A streamlined and integrated method of tracking medical records called a laboratory health information exchange narrowed the gap in anti-retroviral therapy and viral suppression between HIV-positive blacks and whites, according to UCLA researchers. Also, the use of these exchanges led to Latinos who are HIV-positive being more likely than whites to use anti-retroviral therapy and higher viral suppression.
At the beginning, blacks in the study used antiretroviral therapy about 25 percent less often than whites did, but, their rates were equivalent by the end. Similarly blacks began the study with 25 percent lower rates of viral suppression than whites, but their rates were equivalent by the end.
Although Latinos’ anti-retroviral therapy use and viral suppression was equivalent to that of whites at the start of the study, after the intervention their levels were 77 percent and 33 percent greater, respectively.

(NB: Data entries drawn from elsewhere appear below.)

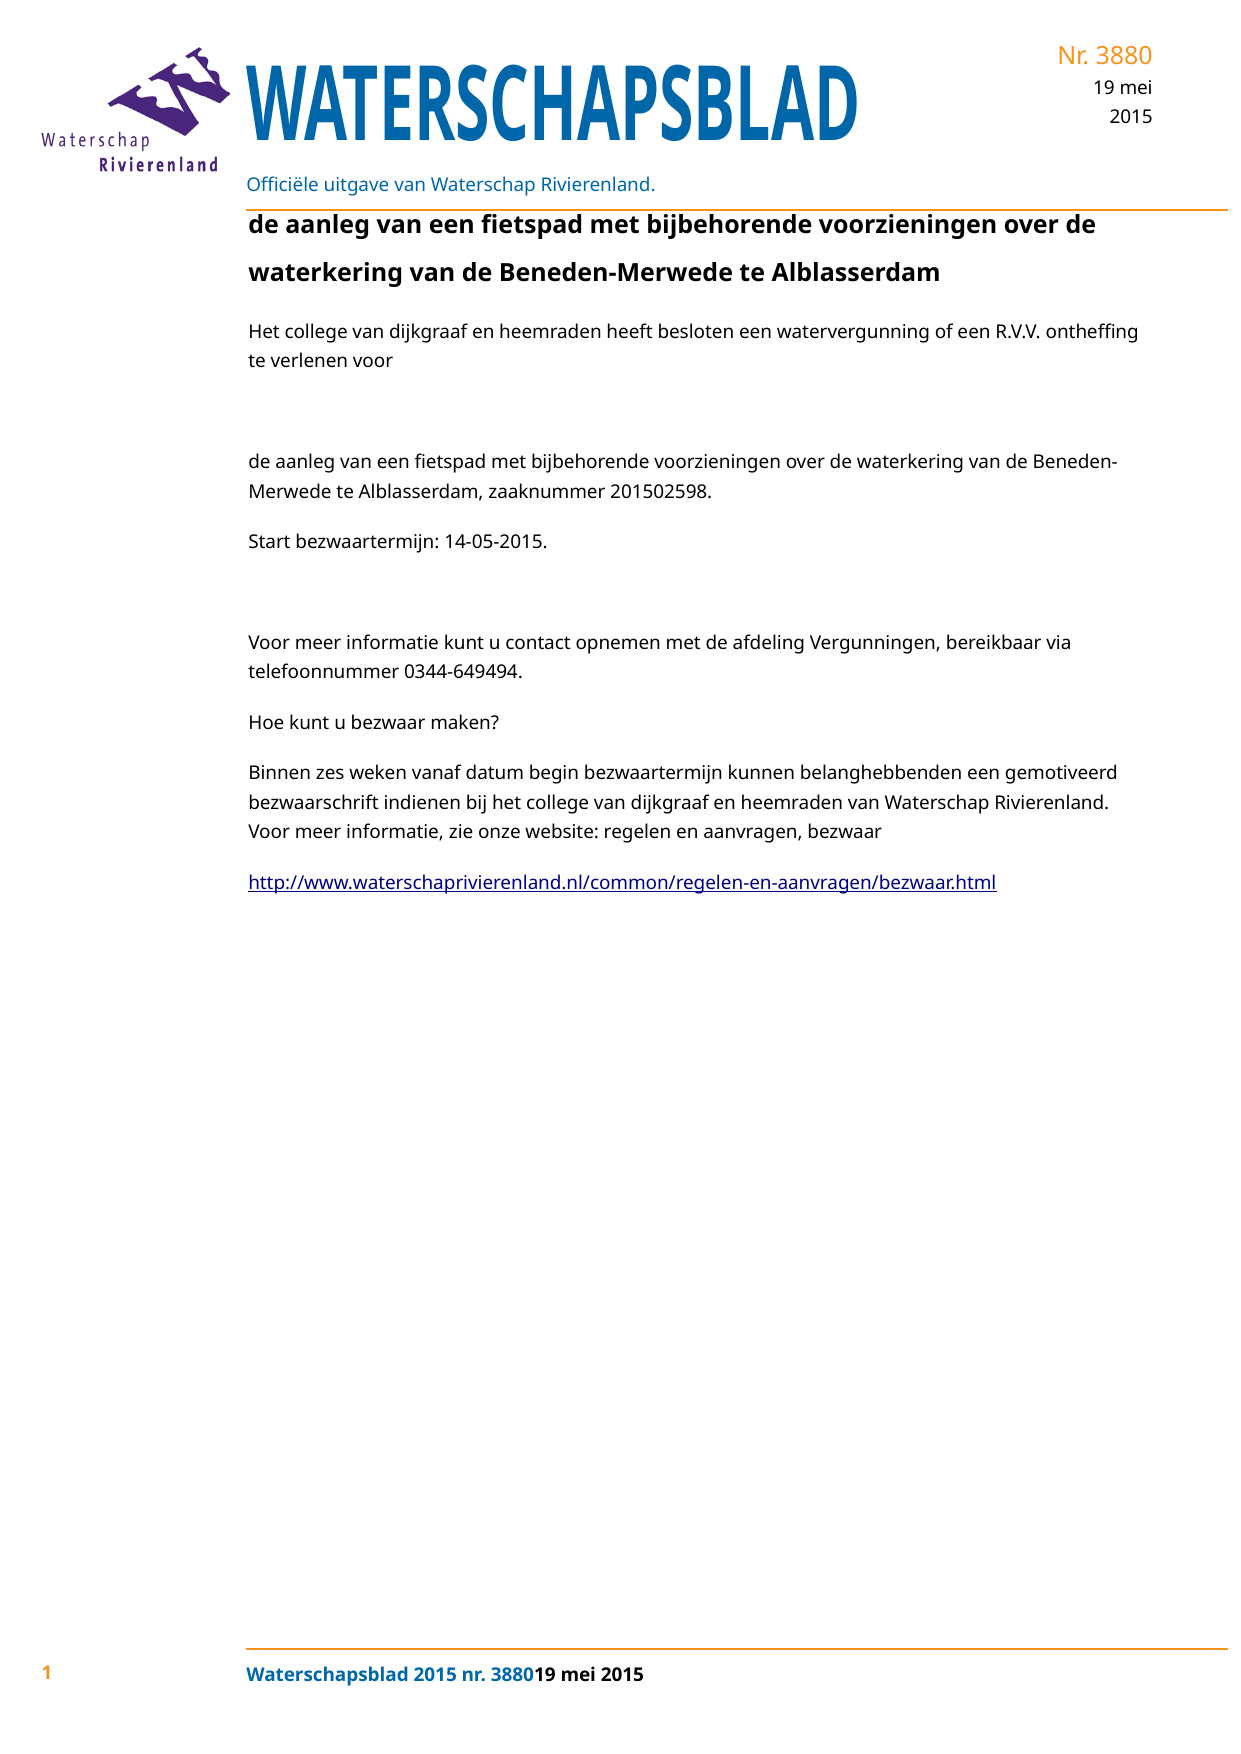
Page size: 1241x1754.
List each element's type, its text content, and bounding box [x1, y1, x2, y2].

text de aanleg van een fietspad met bijbehorende voorzieningen over de waterkering van de Beneden-Merwede te Alblasserdam, zaaknummer 201502598. [248, 448, 1152, 504]
text Voor meer informatie kunt u contact opnemen met de afdeling Vergunningen, bereikbaar via telefoonnummer 0344-649494. [248, 629, 1152, 684]
text Hoe kunt u bezwaar maken? [248, 709, 1152, 735]
text Start bezwaartermijn: 14-05-2015. [248, 528, 1152, 554]
picture [41, 47, 231, 172]
text http://www.waterschaprivierenland.nl/common/regelen-en-aanvragen/bezwaar.html [248, 869, 1152, 895]
text de aanleg van een fietspad met bijbehorende voorzieningen over de waterkering van de Beneden-Merwede te Alblasserdam [248, 211, 1152, 288]
text Het college van dijkgraaf en heemraden heeft besloten een watervergunning of een R.V.V. ontheffing te verlenen voor [248, 318, 1152, 373]
text Binnen zes weken vanaf datum begin bezwaartermijn kunnen belanghebbenden een gemotiveerd bezwaarschrift indienen bij het college van dijkgraaf en heemraden van Waterschap Rivierenland. Voor meer informatie, zie onze website: regelen en aanvragen, bezwaar [248, 759, 1152, 844]

Overall, viral suppression for blacks and Latinos increased by 16 percent compared to the period prior to implementation of the exchange.
To better maintain continuity of care for people with HIV, health care providers have increasingly adopted health information exchanges that maintain clinical information, laboratory test results and anti-retroviral therapy prescription filling that augment electronic medical records. Previous UCLA-led research by the same authors about laboratory health information exchange systems found that when the system detected clinically important increases in a person’s viral load, the health care provider changed the anti-retroviral therapy an average of 6 days earlier than before the information exchange was implemented.
Blacks and Latinos are disproportionately affected by HIV, the virus that causes AIDS, and less likely than whites to receive the ongoing, sustained care that is crucial to maintaining their health and viral suppression. For this new study, the researchers examined whether a laboratory health information exchange would increase rates of anti-retroviral therapy use and viral suppression for a large clinic population and if it would reduce racial/ethnic disparities in these outcomes.
The researchers examined monthly anti-retroviral therapy use and prescription fills and approximately, quarterly HIV lab results culled between December 2007 and November 2011 from electronic medical records for 1,181 people with HIV at a Southern California HIV/AIDS clinic. They examined rates of anti-retroviral therapy use and viral suppression one year before and two years after start of the laboratory health information exchange.
Use of laboratory health information exchanges in HIV care can both improve use of anti-retroviral therapy and viral suppression for all people living with HIV and reduce disparities between blacks and whites in HIV health care and outcomes.
The authors of this study are Dr. William Cunningham, Chandra Ford, Janni Kinsler, Danielle Seiden, Terry Nakazono and Dr. Douglas Bell, all of UCLA, and Laral Andrews, of Eisner Health.
The study was published in the peer-reviewed Journal of Acquired Immune Deficiency Syndromes.
This study was funded by grants from the Health Resources and Services Administration; the National Institutes of Health/National Institute on Aging; NIH/National Institute on Minority Health and Health Disparities; National Center for Advancing Translational Sciences; NIH/National Institute on Drug Abuse; NIH/National Institute of Nursing Research; and the UCLA California Center for Population Research through support from the Shriver National Institute of Child Health and Human Development.